(Beginning of DATA RECORDS)

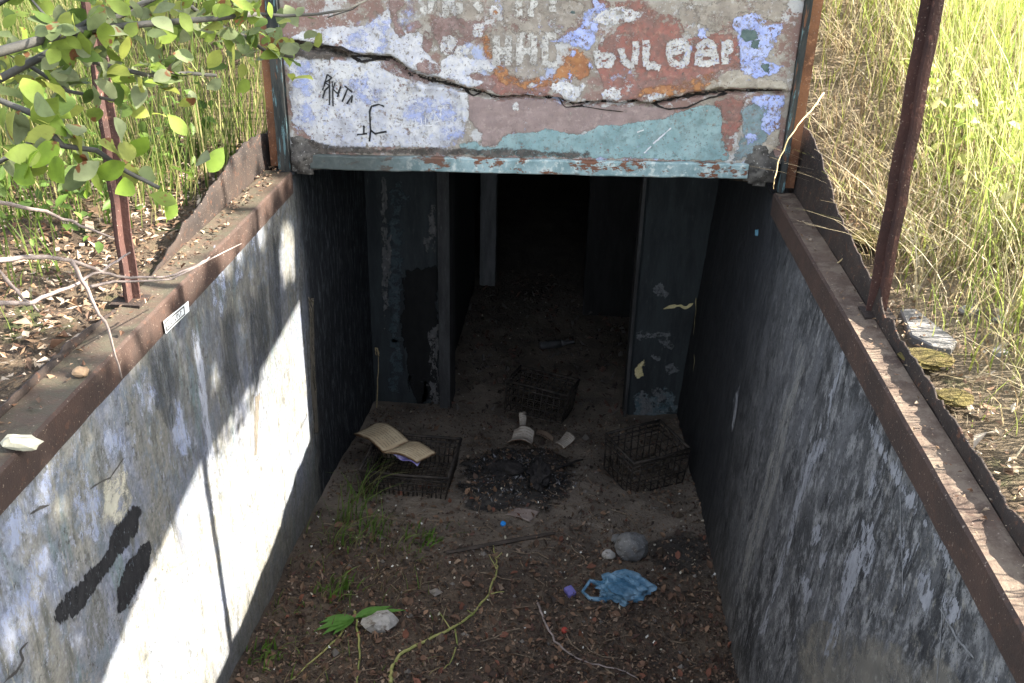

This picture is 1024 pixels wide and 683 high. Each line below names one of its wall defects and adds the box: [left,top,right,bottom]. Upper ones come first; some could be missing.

peeling [288,0,789,148]
crack [299,42,782,112]
peeling [633,387,678,416]
damp [738,346,806,597]
damp [758,351,845,636]
damp [799,619,959,683]

(End of DATA RECORDS)

== WORK REQUIRED ==
Copy the data exactly. Any picture it contains is to be omitted.

== SOLUTION TO THIS EXERCISE ==
This picture is 1024 pixels wide and 683 high. Each line below names one of its wall defects and adds the box: [left,top,right,bottom]. Upper ones come first; some could be missing.

peeling [288,0,789,148]
crack [299,42,782,112]
peeling [633,387,678,416]
damp [738,346,806,597]
damp [758,351,845,636]
damp [799,619,959,683]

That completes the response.